(Collection entries)
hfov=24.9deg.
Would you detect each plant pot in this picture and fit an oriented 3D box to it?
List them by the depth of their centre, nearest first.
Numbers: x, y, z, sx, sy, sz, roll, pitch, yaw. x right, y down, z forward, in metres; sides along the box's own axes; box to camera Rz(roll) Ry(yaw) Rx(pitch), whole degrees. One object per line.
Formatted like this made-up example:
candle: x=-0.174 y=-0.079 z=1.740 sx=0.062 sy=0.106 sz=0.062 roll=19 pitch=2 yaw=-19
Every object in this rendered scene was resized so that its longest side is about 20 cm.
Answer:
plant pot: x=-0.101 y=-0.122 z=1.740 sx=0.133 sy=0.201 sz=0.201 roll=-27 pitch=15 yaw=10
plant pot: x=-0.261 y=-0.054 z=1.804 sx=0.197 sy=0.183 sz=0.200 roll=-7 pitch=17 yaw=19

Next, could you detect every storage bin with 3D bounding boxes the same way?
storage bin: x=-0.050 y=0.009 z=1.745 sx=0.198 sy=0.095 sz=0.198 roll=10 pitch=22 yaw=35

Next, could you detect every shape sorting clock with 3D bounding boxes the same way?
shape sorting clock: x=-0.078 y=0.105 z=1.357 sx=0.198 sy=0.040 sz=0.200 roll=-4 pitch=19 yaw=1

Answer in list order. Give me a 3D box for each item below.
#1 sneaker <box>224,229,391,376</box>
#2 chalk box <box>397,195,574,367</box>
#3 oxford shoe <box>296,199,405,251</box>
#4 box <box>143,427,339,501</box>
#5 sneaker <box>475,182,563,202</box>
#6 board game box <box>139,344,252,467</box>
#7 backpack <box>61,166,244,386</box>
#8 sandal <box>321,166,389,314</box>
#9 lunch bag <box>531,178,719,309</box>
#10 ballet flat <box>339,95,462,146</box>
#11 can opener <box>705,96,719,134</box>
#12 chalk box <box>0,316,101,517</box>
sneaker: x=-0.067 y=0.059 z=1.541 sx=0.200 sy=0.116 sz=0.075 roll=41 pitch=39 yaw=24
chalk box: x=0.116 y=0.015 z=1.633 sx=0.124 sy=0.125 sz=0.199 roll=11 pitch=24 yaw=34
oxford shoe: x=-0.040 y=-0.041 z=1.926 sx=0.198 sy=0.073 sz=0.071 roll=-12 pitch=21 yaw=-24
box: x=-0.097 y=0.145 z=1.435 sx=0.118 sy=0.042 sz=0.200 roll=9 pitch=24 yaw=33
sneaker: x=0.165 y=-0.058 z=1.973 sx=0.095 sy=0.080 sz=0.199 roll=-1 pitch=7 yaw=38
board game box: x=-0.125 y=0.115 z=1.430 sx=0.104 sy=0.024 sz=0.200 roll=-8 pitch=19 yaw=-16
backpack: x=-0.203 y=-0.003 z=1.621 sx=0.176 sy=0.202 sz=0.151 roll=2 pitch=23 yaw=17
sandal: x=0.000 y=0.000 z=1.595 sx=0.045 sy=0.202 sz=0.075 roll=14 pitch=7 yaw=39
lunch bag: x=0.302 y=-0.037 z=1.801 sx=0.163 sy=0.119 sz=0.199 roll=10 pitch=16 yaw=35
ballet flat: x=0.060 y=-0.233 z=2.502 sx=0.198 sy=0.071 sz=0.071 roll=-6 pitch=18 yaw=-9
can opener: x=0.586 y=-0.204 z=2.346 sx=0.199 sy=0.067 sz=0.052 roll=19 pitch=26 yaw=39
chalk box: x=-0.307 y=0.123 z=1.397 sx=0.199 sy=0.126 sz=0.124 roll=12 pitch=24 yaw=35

— WORK ITEM —
Transcribe each entry above exactly as it reads.

— REPLY TO THE TASK —
hfov=24.9deg.
Would you detect each plant pot in this picture and fit an oriented 3D box to it?
List them by the depth of their centre, nearest first.
Numbers: x, y, z, sx, sy, sz, roll, pitch, yaw. x right, y down, z forward, in metres; sides along the box's own axes; box to camera Rz(roll) Ry(yaw) Rx(pitch), whole degrees. One object per line.
Formatted like this made-up example:
candle: x=-0.174 y=-0.079 z=1.740 sx=0.062 sy=0.106 sz=0.062 roll=19 pitch=2 yaw=-19
Every object in this rendered scene was resized so that its longest side is about 20 cm.
Answer:
plant pot: x=-0.101 y=-0.122 z=1.740 sx=0.133 sy=0.201 sz=0.201 roll=-27 pitch=15 yaw=10
plant pot: x=-0.261 y=-0.054 z=1.804 sx=0.197 sy=0.183 sz=0.200 roll=-7 pitch=17 yaw=19

Next, could you detect every storage bin with 3D bounding boxes the same way?
storage bin: x=-0.050 y=0.009 z=1.745 sx=0.198 sy=0.095 sz=0.198 roll=10 pitch=22 yaw=35

Next, could you detect every shape sorting clock with 3D bounding boxes the same way?
shape sorting clock: x=-0.078 y=0.105 z=1.357 sx=0.198 sy=0.040 sz=0.200 roll=-4 pitch=19 yaw=1

Answer in list order. Give me a 3D box for each item below.
#1 sneaker <box>224,229,391,376</box>
#2 chalk box <box>397,195,574,367</box>
#3 oxford shoe <box>296,199,405,251</box>
#4 box <box>143,427,339,501</box>
#5 sneaker <box>475,182,563,202</box>
#6 board game box <box>139,344,252,467</box>
#7 backpack <box>61,166,244,386</box>
#8 sandal <box>321,166,389,314</box>
#9 lunch bag <box>531,178,719,309</box>
#10 ballet flat <box>339,95,462,146</box>
#11 can opener <box>705,96,719,134</box>
#12 chalk box <box>0,316,101,517</box>
sneaker: x=-0.067 y=0.059 z=1.541 sx=0.200 sy=0.116 sz=0.075 roll=41 pitch=39 yaw=24
chalk box: x=0.116 y=0.015 z=1.633 sx=0.124 sy=0.125 sz=0.199 roll=11 pitch=24 yaw=34
oxford shoe: x=-0.040 y=-0.041 z=1.926 sx=0.198 sy=0.073 sz=0.071 roll=-12 pitch=21 yaw=-24
box: x=-0.097 y=0.145 z=1.435 sx=0.118 sy=0.042 sz=0.200 roll=9 pitch=24 yaw=33
sneaker: x=0.165 y=-0.058 z=1.973 sx=0.095 sy=0.080 sz=0.199 roll=-1 pitch=7 yaw=38
board game box: x=-0.125 y=0.115 z=1.430 sx=0.104 sy=0.024 sz=0.200 roll=-8 pitch=19 yaw=-16
backpack: x=-0.203 y=-0.003 z=1.621 sx=0.176 sy=0.202 sz=0.151 roll=2 pitch=23 yaw=17
sandal: x=0.000 y=0.000 z=1.595 sx=0.045 sy=0.202 sz=0.075 roll=14 pitch=7 yaw=39
lunch bag: x=0.302 y=-0.037 z=1.801 sx=0.163 sy=0.119 sz=0.199 roll=10 pitch=16 yaw=35
ballet flat: x=0.060 y=-0.233 z=2.502 sx=0.198 sy=0.071 sz=0.071 roll=-6 pitch=18 yaw=-9
can opener: x=0.586 y=-0.204 z=2.346 sx=0.199 sy=0.067 sz=0.052 roll=19 pitch=26 yaw=39
chalk box: x=-0.307 y=0.123 z=1.397 sx=0.199 sy=0.126 sz=0.124 roll=12 pitch=24 yaw=35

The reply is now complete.